To further demonstrate the effect these events have, the percentage of overall health impact is calculated.

            #find overall injuries from the dataset
            overall_health <- sum(stormdata$FATALITIES + stormdata$INJURIES, na.rm = TRUE)
            #find the percentage contribution for each top event
            top_health <- top_health %>%
                mutate(percentage = total_health / overall_health * 100)
            #make a pretty table for the report
            health_table <- top_health %>%
                    mutate(Percentage = round(percentage, 2)) %>%
            select(Weather_Event = EVTYPE, Percentage) %>%
                    head(5)
            #print table
            knitr::kable(health_table)
Weather_Event Percentage
TORNADO 62.30
EXCESSIVE HEAT 5.41
TSTM WIND 4.79
FLOOD 4.66
LIGHTNING 3.88

Tornadoes account for about 60% of all storm related injuries and deaths, and all others events account for less than 6%.
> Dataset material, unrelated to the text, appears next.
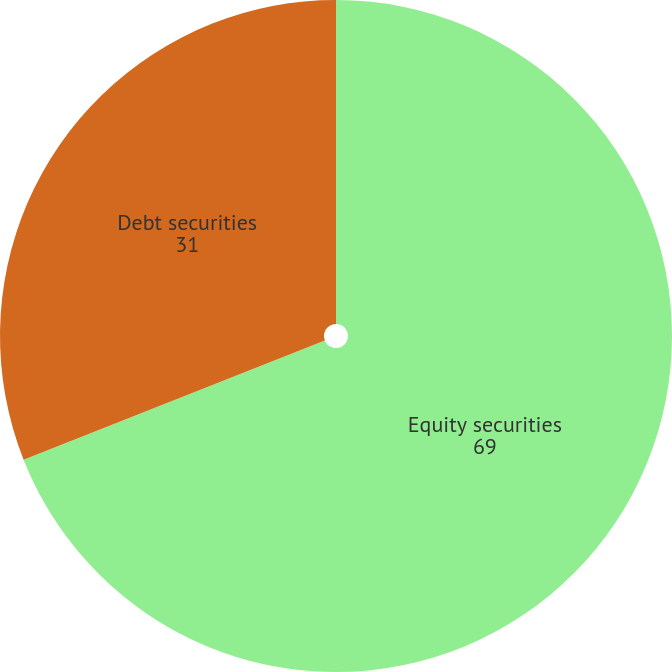Convert chart. <chart><loc_0><loc_0><loc_500><loc_500><pie_chart><fcel>Equity securities<fcel>Debt securities<nl><fcel>69.0%<fcel>31.0%<nl></chart>

This confirms that tornadoes have the largest impact to population health of all storm related events.



Now we address economic consequences by looking at which weather events cause the most economic damage to property and crops.
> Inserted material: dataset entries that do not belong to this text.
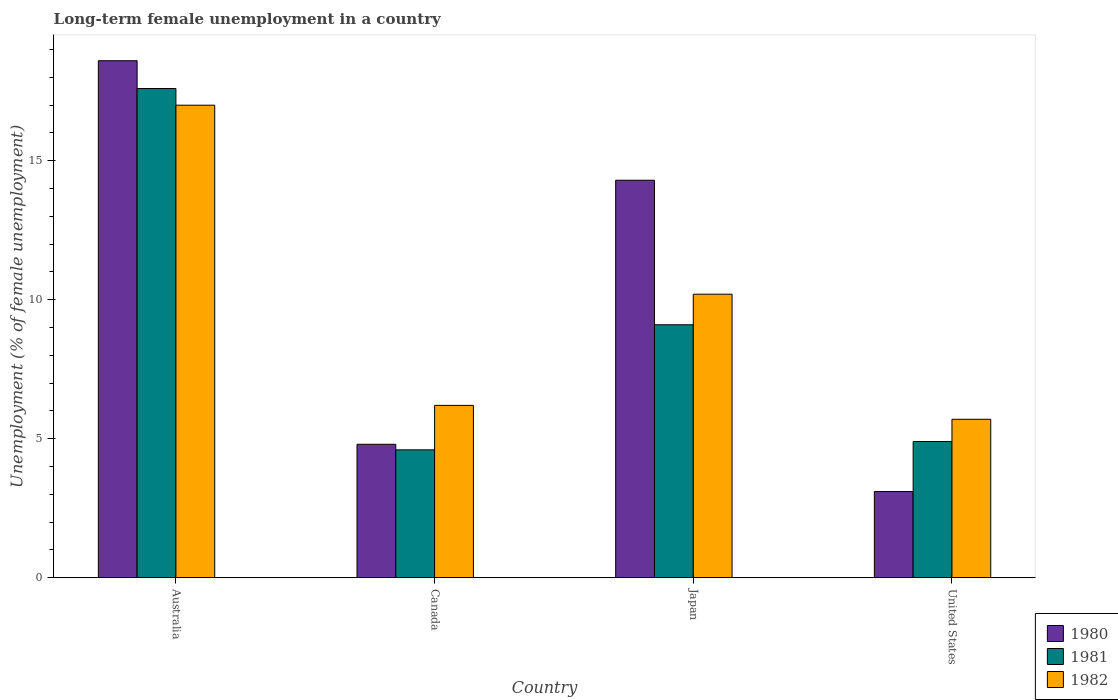Are the number of bars per tick equal to the number of legend labels?
Your answer should be compact. Yes. How many bars are there on the 2nd tick from the left?
Give a very brief answer. 3. What is the label of the 4th group of bars from the left?
Ensure brevity in your answer.  United States. In how many cases, is the number of bars for a given country not equal to the number of legend labels?
Provide a short and direct response. 0. What is the percentage of long-term unemployed female population in 1982 in Japan?
Offer a terse response. 10.2. Across all countries, what is the maximum percentage of long-term unemployed female population in 1981?
Your answer should be very brief. 17.6. Across all countries, what is the minimum percentage of long-term unemployed female population in 1981?
Give a very brief answer. 4.6. In which country was the percentage of long-term unemployed female population in 1981 minimum?
Offer a terse response. Canada. What is the total percentage of long-term unemployed female population in 1981 in the graph?
Your answer should be compact. 36.2. What is the difference between the percentage of long-term unemployed female population in 1981 in Canada and that in United States?
Ensure brevity in your answer.  -0.3. What is the difference between the percentage of long-term unemployed female population in 1980 in Australia and the percentage of long-term unemployed female population in 1981 in Japan?
Give a very brief answer. 9.5. What is the average percentage of long-term unemployed female population in 1982 per country?
Your response must be concise. 9.77. What is the difference between the percentage of long-term unemployed female population of/in 1980 and percentage of long-term unemployed female population of/in 1981 in Japan?
Your answer should be compact. 5.2. In how many countries, is the percentage of long-term unemployed female population in 1982 greater than 2 %?
Your answer should be very brief. 4. What is the ratio of the percentage of long-term unemployed female population in 1982 in Australia to that in Japan?
Ensure brevity in your answer.  1.67. What is the difference between the highest and the second highest percentage of long-term unemployed female population in 1981?
Your answer should be very brief. 12.7. What is the difference between the highest and the lowest percentage of long-term unemployed female population in 1982?
Offer a terse response. 11.3. Is the sum of the percentage of long-term unemployed female population in 1980 in Australia and United States greater than the maximum percentage of long-term unemployed female population in 1982 across all countries?
Your answer should be compact. Yes. What does the 1st bar from the left in United States represents?
Keep it short and to the point. 1980. How many bars are there?
Make the answer very short. 12. What is the difference between two consecutive major ticks on the Y-axis?
Offer a terse response. 5. Are the values on the major ticks of Y-axis written in scientific E-notation?
Provide a short and direct response. No. What is the title of the graph?
Offer a terse response. Long-term female unemployment in a country. Does "1983" appear as one of the legend labels in the graph?
Offer a very short reply. No. What is the label or title of the Y-axis?
Offer a very short reply. Unemployment (% of female unemployment). What is the Unemployment (% of female unemployment) of 1980 in Australia?
Make the answer very short. 18.6. What is the Unemployment (% of female unemployment) of 1981 in Australia?
Ensure brevity in your answer.  17.6. What is the Unemployment (% of female unemployment) of 1982 in Australia?
Provide a short and direct response. 17. What is the Unemployment (% of female unemployment) in 1980 in Canada?
Your answer should be very brief. 4.8. What is the Unemployment (% of female unemployment) of 1981 in Canada?
Your answer should be compact. 4.6. What is the Unemployment (% of female unemployment) of 1982 in Canada?
Your answer should be compact. 6.2. What is the Unemployment (% of female unemployment) of 1980 in Japan?
Make the answer very short. 14.3. What is the Unemployment (% of female unemployment) of 1981 in Japan?
Keep it short and to the point. 9.1. What is the Unemployment (% of female unemployment) in 1982 in Japan?
Offer a terse response. 10.2. What is the Unemployment (% of female unemployment) in 1980 in United States?
Keep it short and to the point. 3.1. What is the Unemployment (% of female unemployment) of 1981 in United States?
Your answer should be compact. 4.9. What is the Unemployment (% of female unemployment) in 1982 in United States?
Ensure brevity in your answer.  5.7. Across all countries, what is the maximum Unemployment (% of female unemployment) in 1980?
Provide a succinct answer. 18.6. Across all countries, what is the maximum Unemployment (% of female unemployment) of 1981?
Offer a terse response. 17.6. Across all countries, what is the minimum Unemployment (% of female unemployment) in 1980?
Keep it short and to the point. 3.1. Across all countries, what is the minimum Unemployment (% of female unemployment) in 1981?
Offer a terse response. 4.6. Across all countries, what is the minimum Unemployment (% of female unemployment) in 1982?
Provide a short and direct response. 5.7. What is the total Unemployment (% of female unemployment) in 1980 in the graph?
Give a very brief answer. 40.8. What is the total Unemployment (% of female unemployment) of 1981 in the graph?
Provide a succinct answer. 36.2. What is the total Unemployment (% of female unemployment) of 1982 in the graph?
Your response must be concise. 39.1. What is the difference between the Unemployment (% of female unemployment) of 1980 in Australia and that in Canada?
Give a very brief answer. 13.8. What is the difference between the Unemployment (% of female unemployment) in 1981 in Australia and that in Japan?
Keep it short and to the point. 8.5. What is the difference between the Unemployment (% of female unemployment) in 1982 in Australia and that in United States?
Give a very brief answer. 11.3. What is the difference between the Unemployment (% of female unemployment) in 1980 in Canada and that in Japan?
Offer a very short reply. -9.5. What is the difference between the Unemployment (% of female unemployment) of 1980 in Canada and that in United States?
Offer a terse response. 1.7. What is the difference between the Unemployment (% of female unemployment) in 1981 in Canada and that in United States?
Offer a very short reply. -0.3. What is the difference between the Unemployment (% of female unemployment) of 1982 in Canada and that in United States?
Offer a very short reply. 0.5. What is the difference between the Unemployment (% of female unemployment) of 1980 in Japan and that in United States?
Offer a terse response. 11.2. What is the difference between the Unemployment (% of female unemployment) of 1981 in Japan and that in United States?
Make the answer very short. 4.2. What is the difference between the Unemployment (% of female unemployment) in 1982 in Japan and that in United States?
Keep it short and to the point. 4.5. What is the difference between the Unemployment (% of female unemployment) in 1980 in Australia and the Unemployment (% of female unemployment) in 1981 in Canada?
Your response must be concise. 14. What is the difference between the Unemployment (% of female unemployment) of 1981 in Australia and the Unemployment (% of female unemployment) of 1982 in Canada?
Your answer should be compact. 11.4. What is the difference between the Unemployment (% of female unemployment) of 1980 in Australia and the Unemployment (% of female unemployment) of 1981 in Japan?
Your answer should be compact. 9.5. What is the difference between the Unemployment (% of female unemployment) of 1980 in Australia and the Unemployment (% of female unemployment) of 1981 in United States?
Offer a terse response. 13.7. What is the difference between the Unemployment (% of female unemployment) in 1980 in Canada and the Unemployment (% of female unemployment) in 1981 in Japan?
Ensure brevity in your answer.  -4.3. What is the difference between the Unemployment (% of female unemployment) in 1981 in Canada and the Unemployment (% of female unemployment) in 1982 in Japan?
Provide a succinct answer. -5.6. What is the difference between the Unemployment (% of female unemployment) of 1980 in Canada and the Unemployment (% of female unemployment) of 1981 in United States?
Your answer should be compact. -0.1. What is the difference between the Unemployment (% of female unemployment) of 1980 in Canada and the Unemployment (% of female unemployment) of 1982 in United States?
Your answer should be compact. -0.9. What is the difference between the Unemployment (% of female unemployment) of 1980 in Japan and the Unemployment (% of female unemployment) of 1981 in United States?
Provide a succinct answer. 9.4. What is the average Unemployment (% of female unemployment) of 1981 per country?
Your answer should be very brief. 9.05. What is the average Unemployment (% of female unemployment) of 1982 per country?
Your answer should be compact. 9.78. What is the difference between the Unemployment (% of female unemployment) of 1980 and Unemployment (% of female unemployment) of 1981 in Canada?
Give a very brief answer. 0.2. What is the difference between the Unemployment (% of female unemployment) in 1980 and Unemployment (% of female unemployment) in 1982 in Canada?
Your response must be concise. -1.4. What is the difference between the Unemployment (% of female unemployment) in 1980 and Unemployment (% of female unemployment) in 1982 in Japan?
Make the answer very short. 4.1. What is the difference between the Unemployment (% of female unemployment) of 1980 and Unemployment (% of female unemployment) of 1981 in United States?
Your answer should be compact. -1.8. What is the difference between the Unemployment (% of female unemployment) of 1981 and Unemployment (% of female unemployment) of 1982 in United States?
Offer a terse response. -0.8. What is the ratio of the Unemployment (% of female unemployment) of 1980 in Australia to that in Canada?
Your answer should be compact. 3.88. What is the ratio of the Unemployment (% of female unemployment) in 1981 in Australia to that in Canada?
Your answer should be very brief. 3.83. What is the ratio of the Unemployment (% of female unemployment) of 1982 in Australia to that in Canada?
Offer a very short reply. 2.74. What is the ratio of the Unemployment (% of female unemployment) of 1980 in Australia to that in Japan?
Keep it short and to the point. 1.3. What is the ratio of the Unemployment (% of female unemployment) of 1981 in Australia to that in Japan?
Provide a succinct answer. 1.93. What is the ratio of the Unemployment (% of female unemployment) in 1981 in Australia to that in United States?
Give a very brief answer. 3.59. What is the ratio of the Unemployment (% of female unemployment) of 1982 in Australia to that in United States?
Provide a succinct answer. 2.98. What is the ratio of the Unemployment (% of female unemployment) in 1980 in Canada to that in Japan?
Offer a terse response. 0.34. What is the ratio of the Unemployment (% of female unemployment) of 1981 in Canada to that in Japan?
Ensure brevity in your answer.  0.51. What is the ratio of the Unemployment (% of female unemployment) of 1982 in Canada to that in Japan?
Give a very brief answer. 0.61. What is the ratio of the Unemployment (% of female unemployment) in 1980 in Canada to that in United States?
Give a very brief answer. 1.55. What is the ratio of the Unemployment (% of female unemployment) of 1981 in Canada to that in United States?
Give a very brief answer. 0.94. What is the ratio of the Unemployment (% of female unemployment) in 1982 in Canada to that in United States?
Keep it short and to the point. 1.09. What is the ratio of the Unemployment (% of female unemployment) of 1980 in Japan to that in United States?
Offer a terse response. 4.61. What is the ratio of the Unemployment (% of female unemployment) in 1981 in Japan to that in United States?
Provide a succinct answer. 1.86. What is the ratio of the Unemployment (% of female unemployment) of 1982 in Japan to that in United States?
Ensure brevity in your answer.  1.79.

            # Create a horizontal bar plot of the top events by economic damage
            ggplot(top_damage, aes(x = reorder(EVTYPE, total_damage), y = total_damage)) +
                geom_bar(stat = "identity", fill = "orange") +
                coord_flip() +
                labs(title = "Top 10 Events by Economic Consequences",
                     x = "Weather Event Type",
                     y = "Total Damage (USD)") +
                scale_y_continuous(labels = scales::dollar_format())

Flood contribute to the largest economic damage, followed by typhoons/hurricanes, and again by tornadoes.

It is worth pointing out that flood damage appears to be more than double the damage cause by any other single weather event.

We will confirm this with a percentage analysis of overall damage.

            #find overall economic damage across all events
            overall_damage <- sum(stormdata$total_damage, na.rm = TRUE)
            #find percentage contribution for each top event
            top_damage <- top_damage %>%
                mutate(percentage = total_damage / overall_damage * 100) 
            #make it look pretty in a table 
            damage_table <- top_damage %>%
                    mutate(Percentage = round(percentage, 2)) %>%
                    select(Weather_Event = EVTYPE, Percentage) %>%
            head(5)
            #print table
            knitr::kable(damage_table)
Weather_Event Percentage
FLOOD 31.55
HURRICANE/TYPHOON 15.09
TORNADO 12.04
STORM SURGE 9.09
HAIL 3.94

This confirms that floods have the largest economic impact, about 32%, and are more than double the economic damage of any other weather event.

Also, hurricane/typhoons and tornadoes economic damage combined, about 28%, represent almost as large an economic impact as floods.